Vinagre alrededor del inodoro

Se trata de una alternativa ecológica de limpieza que tiene un poder limpiador que compite directamente con los químicos tradicionales.

El baño es una de las zonas que más gérmenes acumula y donde los aromas desagradables suelen concentrarse, muchas veces debido a las salpicaduras invisibles que caen fuera de la taza.

En este caso, el vinagre funciona en este espacio como un aliado multifunción gracias a sus propiedades naturales. A diferencia de los desodorantes ambientales que solo camuflan el ambiente, el vinagre neutraliza las moléculas que causan el mal olor.

Por otra parte, su nivel de acidez frena el crecimiento de microorganismos en las juntas de las baldosas y zonas húmedas.
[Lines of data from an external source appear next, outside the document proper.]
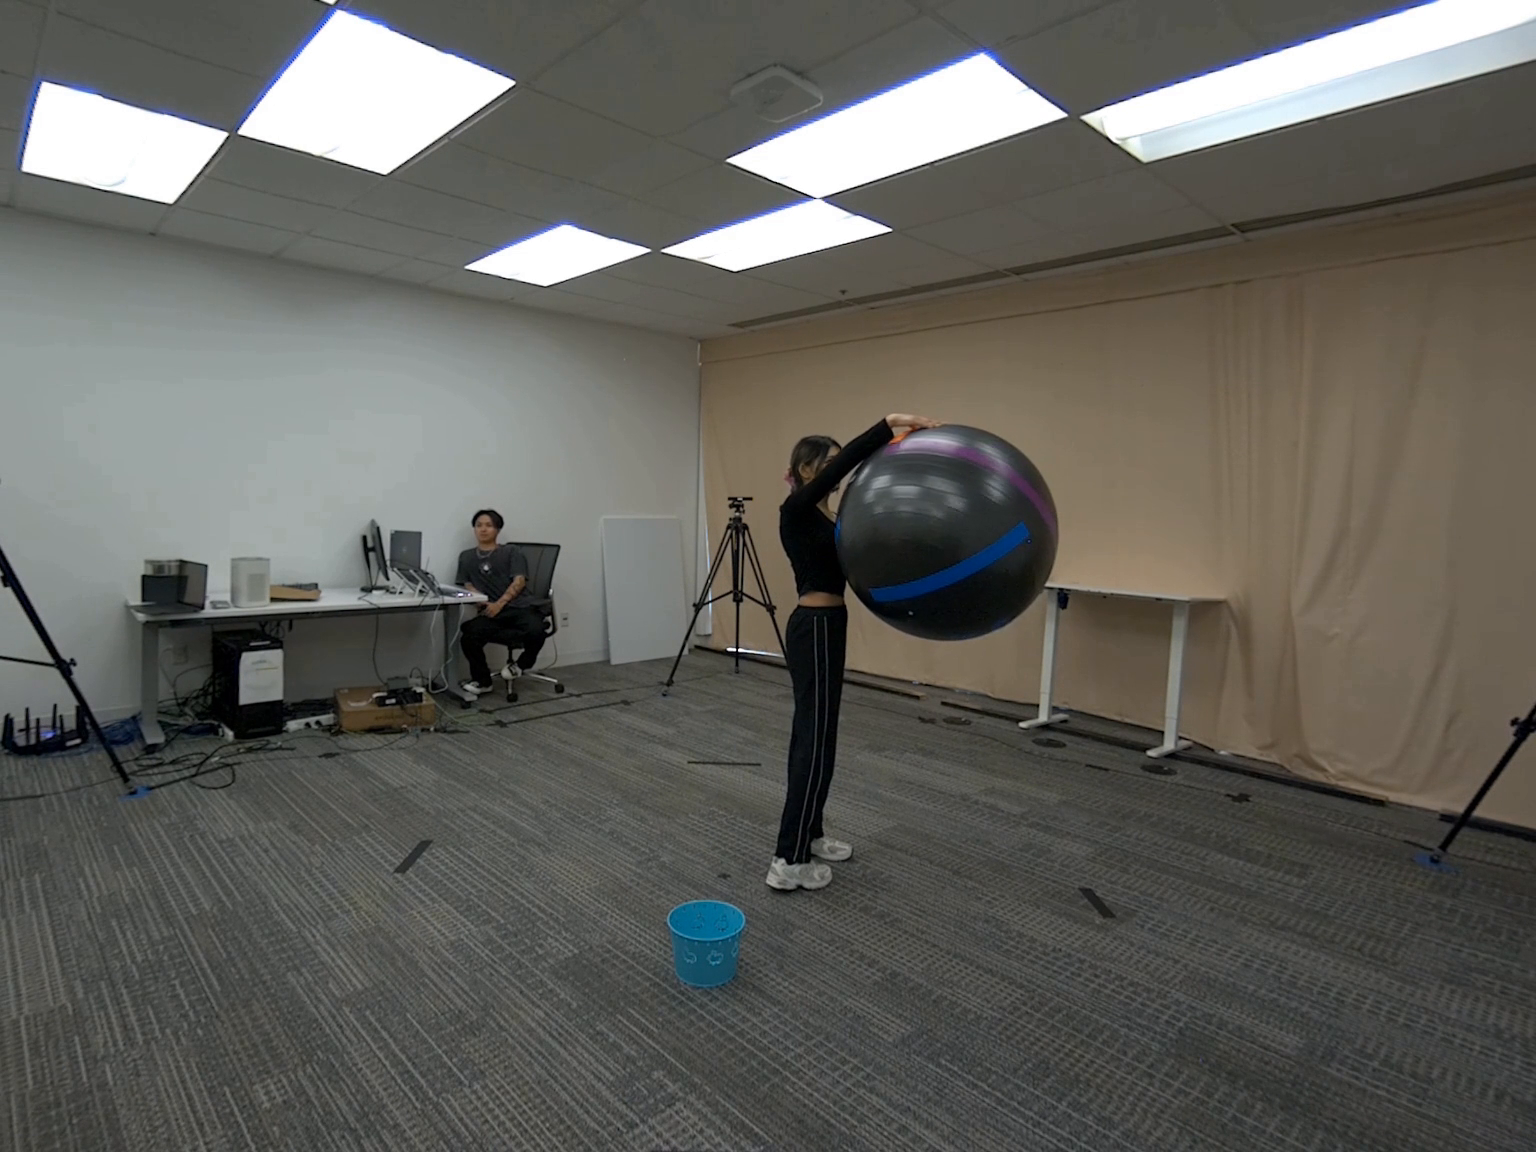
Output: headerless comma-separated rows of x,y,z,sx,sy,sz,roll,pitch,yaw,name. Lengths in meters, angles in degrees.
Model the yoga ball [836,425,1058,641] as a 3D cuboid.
0.622,-0.147,2.964,0.757,0.756,0.761,1,4,-1,yoga ball
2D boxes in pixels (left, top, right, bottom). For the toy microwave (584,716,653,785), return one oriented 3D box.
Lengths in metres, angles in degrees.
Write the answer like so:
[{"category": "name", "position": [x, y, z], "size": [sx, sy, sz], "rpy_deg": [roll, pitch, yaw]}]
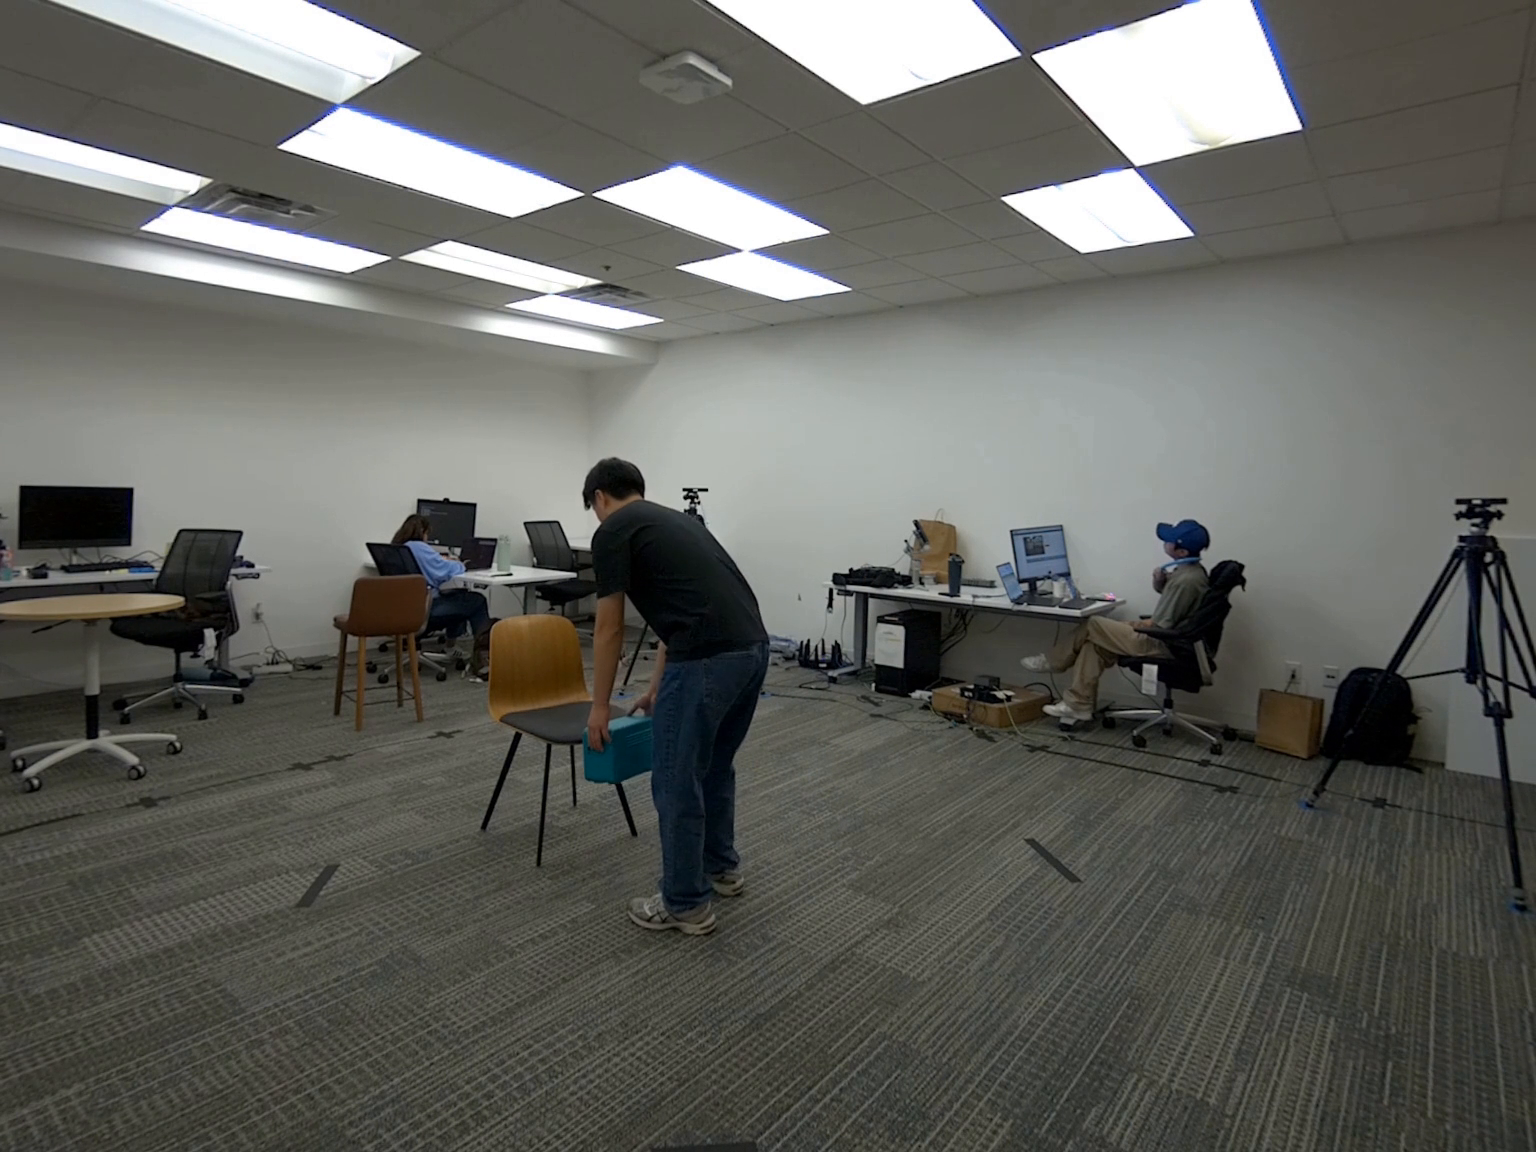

Además, es ideal para disolver esos cercos amarillentos o blanquecinos provocados por los minerales del agua dura.

Baño

El vinagre es ideal para la limpieza.

Asimismo, usar vinagre en la base del inodoro ayuda a realizar una desinfección previa muy efectiva antes de pasar el trapo con lavandina, optimizando la higiene profunda.

Para aprovechar al máximo sus beneficios, no hace falta complicarse. El procedimiento es rápido y directo. En primer lugar, repasar la superficie de manera habitual para quitar el polvo superficial y rociar abundante vinagre blanco puro en toda la base del sanitario, detrás de la estructura y sobre las juntas del piso.

Luego, dejar que el líquido actúe por un lapso de 10 a 15 minutos para que ablande la suciedad. Retirar el producto con un paño húmedo o papel de cocina. Si hay manchas rebeldes, frotar la zona con un cepillo antes de secar.

Los expertos en orden y mantenimiento del hogar recomiendan implementar esta rutina entre dos y tres veces por semana.

Este hábito es especialmente útil en baños familiares de uso frecuente o en aquellos que carecen de una buena ventana al exterior, ya que previene de forma constante la acumulación de humedad y el molesto olor a encierro.